Combination is a collection of the factor where the order doesn’t matter. Python itertools module affords the combination() approach to calculate the aggregate of given data. We can calculate the aggregate of a string. Let’s understand the following example.

Example –

``````import itertools

seq = "ABC"

com_seq = itertools.combinations(seq, 2)

for c in com_seq:
print(c)
``````

Output:

``````('A', 'B')
('A', 'C')
('B', 'C')``````

## Combination with Replacement

The itertools module consists of some other approach known as combination_with_replacement() which takes underneath consideration the mixture of a quantity itself as well. Let’s apprehend its example.

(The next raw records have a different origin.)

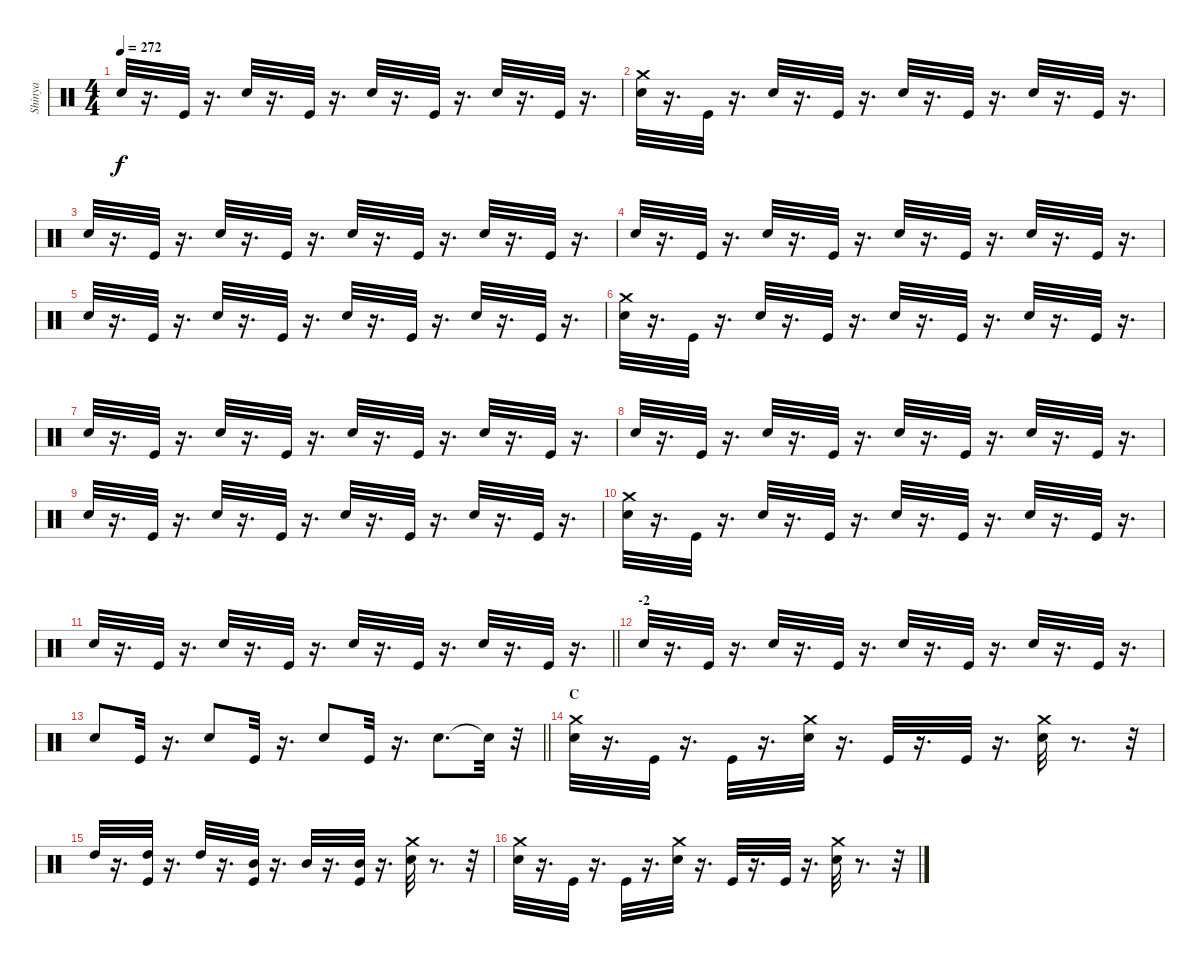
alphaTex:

\track ("Shinya" "Shinya") {instrument percussion}
\staff {score}
\articulation defaults
\ts (4 4)
\tempo 272
\clef neutral
\ks c "Snare (hit) 2".32{dy f}
r.16{d} "Kick (hit)".32 r.16{d} "Snare (hit) 2".32 r.16{d} "Kick (hit)".32 r.16{d} "Snare (hit) 2".32 r.16{d} "Kick (hit)".32 r.16{d} "Snare (hit) 2".32 r.16{d} "Kick (hit)".32 r.16{d} |
("Crash medium (hit)" "Snare (hit) 2").32 r.16{d} "Kick (hit)".32 r.16{d} "Snare (hit) 2".32 r.16{d} "Kick (hit)".32 r.16{d} "Snare (hit) 2".32 r.16{d} "Kick (hit)".32 r.16{d} "Snare (hit) 2".32 r.16{d} "Kick (hit)".32 r.16{d} |
"Snare (hit) 2".32 r.16{d} "Kick (hit)".32 r.16{d} "Snare (hit) 2".32 r.16{d} "Kick (hit)".32 r.16{d} "Snare (hit) 2".32 r.16{d} "Kick (hit)".32 r.16{d} "Snare (hit) 2".32 r.16{d} "Kick (hit)".32 r.16{d} |
"Snare (hit) 2".32 r.16{d} "Kick (hit)".32 r.16{d} "Snare (hit) 2".32 r.16{d} "Kick (hit)".32 r.16{d} "Snare (hit) 2".32 r.16{d} "Kick (hit)".32 r.16{d} "Snare (hit) 2".32 r.16{d} "Kick (hit)".32 r.16{d} |
"Snare (hit) 2".32 r.16{d} "Kick (hit)".32 r.16{d} "Snare (hit) 2".32 r.16{d} "Kick (hit)".32 r.16{d} "Snare (hit) 2".32 r.16{d} "Kick (hit)".32 r.16{d} "Snare (hit) 2".32 r.16{d} "Kick (hit)".32 r.16{d} |
("Crash medium (hit)" "Snare (hit) 2").32 r.16{d} "Kick (hit)".32 r.16{d} "Snare (hit) 2".32 r.16{d} "Kick (hit)".32 r.16{d} "Snare (hit) 2".32 r.16{d} "Kick (hit)".32 r.16{d} "Snare (hit) 2".32 r.16{d} "Kick (hit)".32 r.16{d} |
"Snare (hit) 2".32 r.16{d} "Kick (hit)".32 r.16{d} "Snare (hit) 2".32 r.16{d} "Kick (hit)".32 r.16{d} "Snare (hit) 2".32 r.16{d} "Kick (hit)".32 r.16{d} "Snare (hit) 2".32 r.16{d} "Kick (hit)".32 r.16{d} |
"Snare (hit) 2".32 r.16{d} "Kick (hit)".32 r.16{d} "Snare (hit) 2".32 r.16{d} "Kick (hit)".32 r.16{d} "Snare (hit) 2".32 r.16{d} "Kick (hit)".32 r.16{d} "Snare (hit) 2".32 r.16{d} "Kick (hit)".32 r.16{d} |
"Snare (hit) 2".32 r.16{d} "Kick (hit)".32 r.16{d} "Snare (hit) 2".32 r.16{d} "Kick (hit)".32 r.16{d} "Snare (hit) 2".32 r.16{d} "Kick (hit)".32 r.16{d} "Snare (hit) 2".32 r.16{d} "Kick (hit)".32 r.16{d} |
("Crash medium (hit)" "Snare (hit) 2").32 r.16{d} "Kick (hit)".32 r.16{d} "Snare (hit) 2".32 r.16{d} "Kick (hit)".32 r.16{d} "Snare (hit) 2".32 r.16{d} "Kick (hit)".32 r.16{d} "Snare (hit) 2".32 r.16{d} "Kick (hit)".32 r.16{d} |
\barLineRight lightlight "Snare (hit) 2".32
r.16{d} "Kick (hit)".32 r.16{d} "Snare (hit) 2".32 r.16{d} "Kick (hit)".32 r.16{d} "Snare (hit) 2".32 r.16{d} "Kick (hit)".32 r.16{d} "Snare (hit) 2".32 r.16{d} "Kick (hit)".32 r.16{d} |
\section ("" "-2")
"Snare (hit) 2".32 r.16{d} "Kick (hit)".32 r.16{d} "Snare (hit) 2".32 r.16{d} "Kick (hit)".32 r.16{d} "Snare (hit) 2".32 r.16{d} "Kick (hit)".32 r.16{d} "Snare (hit) 2".32 r.16{d} "Kick (hit)".32 r.16{d} |
\barLineRight lightlight "Snare (hit) 2".8 "Kick (hit)".32
r.16{d} "Snare (hit) 2".8 "Kick (hit)".32 r.16{d} "Snare (hit) 2".8 "Kick (hit)".32 r.16{d} "Snare (hit) 2".8{d} "Snare (hit)"{t}.32 r.32 |
\section ("" "C")
("Snare (hit) 2" "Crash medium (hit)").32 r.16{d} "Kick (hit)".32 r.16{d} "Kick (hit)".32 r.16{d} ("Crash medium (hit)" "Snare (hit) 2").32 r.16{d} "Kick (hit)".32 r.16{d} "Kick (hit)".32 r.16{d} ("Snare (hit) 2" "Crash medium (hit)").32 r.8{d} r.32 |
"High Tom (hit)".32 r.16{d} ("Kick (hit)" "High Tom (hit)").32 r.16{d} "High Tom (hit)".32 r.16{d} ("Kick (hit)" "Mid Tom (hit)").32 r.16{d} "Mid Tom (hit)".32 r.16{d} ("Kick (hit)" "Mid Tom (hit)").32 r.16{d} ("Crash medium (hit)" "Snare (hit) 2").32 r.8{d} r.32 |
("Snare (hit) 2" "Crash medium (hit)").32 r.16{d} "Kick (hit)".32 r.16{d} "Kick (hit)".32 r.16{d} ("Crash medium (hit)" "Snare (hit) 2").32 r.16{d} "Kick (hit)".32 r.16{d} "Kick (hit)".32 r.16{d} ("Snare (hit) 2" "Crash medium (hit)").32 r.8{d} r.32

Combination of Numeric Set

``````from itertools import combinations_with_replacement

com = combinations_with_replacement(['J', 'a', 'v', 'a', 't', 'p', 'o', 'i', 'n', 't'], 2)
#Print the list of combinations

for c in list(com):
print(c)
``````

Output:

``````('J', 'J')
('J', 'a')
('J', 'v')
('J', 'a')
('J', 't')
('J', 'p')
('J', 'o')
('J', 'i')
('J', 'n')
('J', 't')
('a', 'a')
('a', 'v')
('a', 'a')
('a', 't')
('a', 'p')
('a', 'o')
('a', 'i')
('a', 'n')
('a', 't')
('v', 'v')
('v', 'a')
('v', 't')
('v', 'p')
('v', 'o')
('v', 'i')
('v', 'n')
('v', 't')
('a', 'a')
('a', 't')
('a', 'p')
('a', 'o')
('a', 'i')
('a', 'n')
('a', 't')
('t', 't')
('t', 'p')
('t', 'o')
('t', 'i')
('t', 'n')
('t', 't')
('p', 'p')
('p', 'o')
('p', 'i')
('p', 'n')
('p', 't')
('o', 'o')
('o', 'i')
('o', 'n')
('o', 't')
('i', 'i')
('i', 'n')
('i', 't')
('n', 'n')
('n', 't')
('t', 't')``````

## Combination of Numeric Set

If the given input is in the sorted order, the combination tuples will be returned in sorted order. Let’s recognize the following example.

Example –

``````import itertools
v = [1, 2, 3, 4]

com_seq = itertools.combinations_with_replacement(v, 3)

for i in com_seq:
print(i)
``````

Output:

``````(1, 1, 1)
(1, 1, 2)
(1, 1, 3)
(1, 1, 4)
(1, 2, 2)
(1, 2, 3)
(1, 2, 4)
(1, 3, 3)
(1, 3, 4)
(1, 4, 4)
(2, 2, 2)
(2, 2, 3)
(2, 2, 4)
(2, 3, 3)
(2, 3, 4)
(2, 4, 4)
(3, 3, 3)
(3, 3, 4)
(3, 4, 4)
(4, 4, 4)``````

In this tutorial, we have mentioned the itertools module to locate the permutation and combination of the given statistics using the Python script.